Lots of Demand for EnCap’s $3.5B Pool But Fundraising Not So Easy

Just how different is the fundraising market these days? Just consider the case of EnCap Investments LP.

On Monday, EnCap announced it raised $3.5 billion for its eighth “upstream” fund, which will invest in companies that drill and produce oil and gas. David Miller, an EnCap co-founder and a managing partner, estimates that the PE shop spent nine to 10 months marketing for EnCap Energy Capital Fund VIII. By contrast, the buyout shop spent roughly four to six months fundraising for each of its last four to five funds.

“The world changed in 2008,” Miller told me. “There was huge demand. But it took longer to get people to the finish line because the due diligence was more extensive.”

Miller wouldn’t say EnCap had a difficult fundraise but that marketing for pool VIII was “protracted.”

Fundraising for fund VIII began in the spring of 2010 and shortly after distributing its PPM, EnCap set a $3.5 billion hard cap.

“Once we got into marketing efforts, the interest and demand was extensive and substantially oversubscribed,” he says. “We had almost $6 billion of demand.”

Daniel Prendergast, of Park Hill Group, acted as placement agent. Thompson & Knight was EnCap’s law firm.

The PE shop’s last fund, EnCap Energy Capital Fund VII LP, raised $2.5 billion in 2007 and posted a -1.79IRR, according to CalSTRS data as of March 2010. Results for Fund VI are better. EnCap Energy Capital Fund VI has a 15.54 IRR, CalSTRS says.

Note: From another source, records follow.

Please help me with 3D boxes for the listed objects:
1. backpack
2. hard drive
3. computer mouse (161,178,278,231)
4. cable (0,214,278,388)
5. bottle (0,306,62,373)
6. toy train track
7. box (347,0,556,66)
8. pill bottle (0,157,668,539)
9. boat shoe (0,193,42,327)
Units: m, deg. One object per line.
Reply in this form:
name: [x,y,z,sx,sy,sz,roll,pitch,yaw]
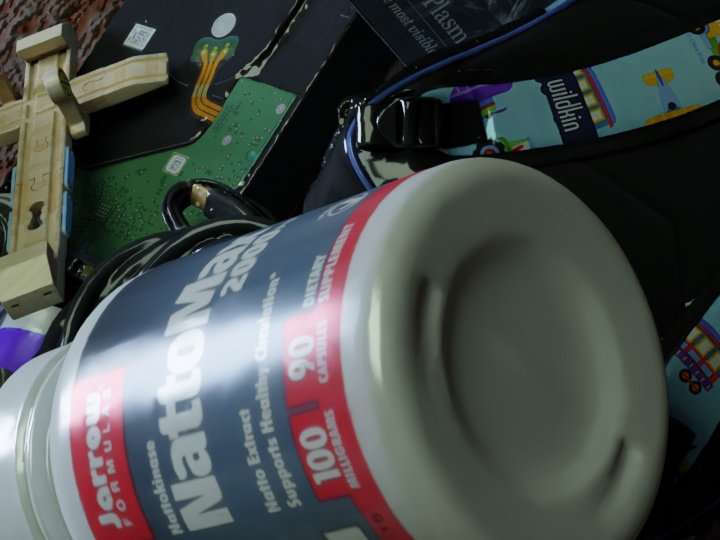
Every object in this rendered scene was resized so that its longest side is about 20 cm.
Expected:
backpack: [0.102,-0.011,0.802,0.200,0.135,0.183,-30,81,-21]
hard drive: [-0.068,-0.075,1.048,0.140,0.038,0.200,20,73,42]
computer mouse: [0.000,0.000,0.919,0.200,0.034,0.059,22,55,28]
cable: [-0.068,0.064,0.865,0.163,0.051,0.200,-36,36,3]
bottle: [-0.162,0.110,0.969,0.083,0.065,0.200,6,64,35]
toy train track: [-0.140,-0.055,1.001,0.115,0.033,0.200,-20,36,10]
box: [0.087,-0.142,0.871,0.182,0.200,0.104,-34,45,12]
pill bottle: [-0.021,0.048,0.694,0.200,0.120,0.120,-19,50,44]
boat shoe: [-0.220,0.013,1.050,0.200,0.066,0.070,-17,74,36]

EnCap supplied more up-to-data information. As of Dec. 31, the net IRR for Fund VII was 15% and the net IRR for Fund VI is 23.6%. Both IRR’s include unrealized investments, an EnCap spokeswoman says.

Fund VIII attracted about 190 investors and several reupped, including the Public Employees Retirement Association of New Mexico, the Minnesota State Board of Investments and CalSTRS. Kansas Public Employees Retirement System is a new investor, Miller says.

Due to overallocation and liquidity issues at some U.S. institutions, EnCap decided to seek out international investors for the first time, he says. “We felt it would make sense given the size of the fund to broaden our scope of efforts and bring in international investors,” Miller says.

Of the $3.5 billion, about $850 million is coming from foreign investors, public pensions committed $1.2 billion and roughly $1 billion is from the endowments, foundations and trusts.

While there was much demand, EnCap did have to deal with environmental concerns due to the BP oil spill. EnCap fielded “lots of questions” from the institutional community which was wondering about potential environmental risk, Miller says. “We haven’t done anything offshore for quite some time,” he says. “We got them comfortable that that was not something to be concerned about.”

Miller also maintains that the U.S. oil and gas industry “has done a marvelous job of drilling wells in a safe and environmentally conscience manner in the last 40 years.”

“There is no question that the Gulf spill was a disaster,” he adds.” I’m not trying to minimize the significance of what happened in that spill. But thousands and thousands of wells are drilled every year and the vast majority is drilled without incident.”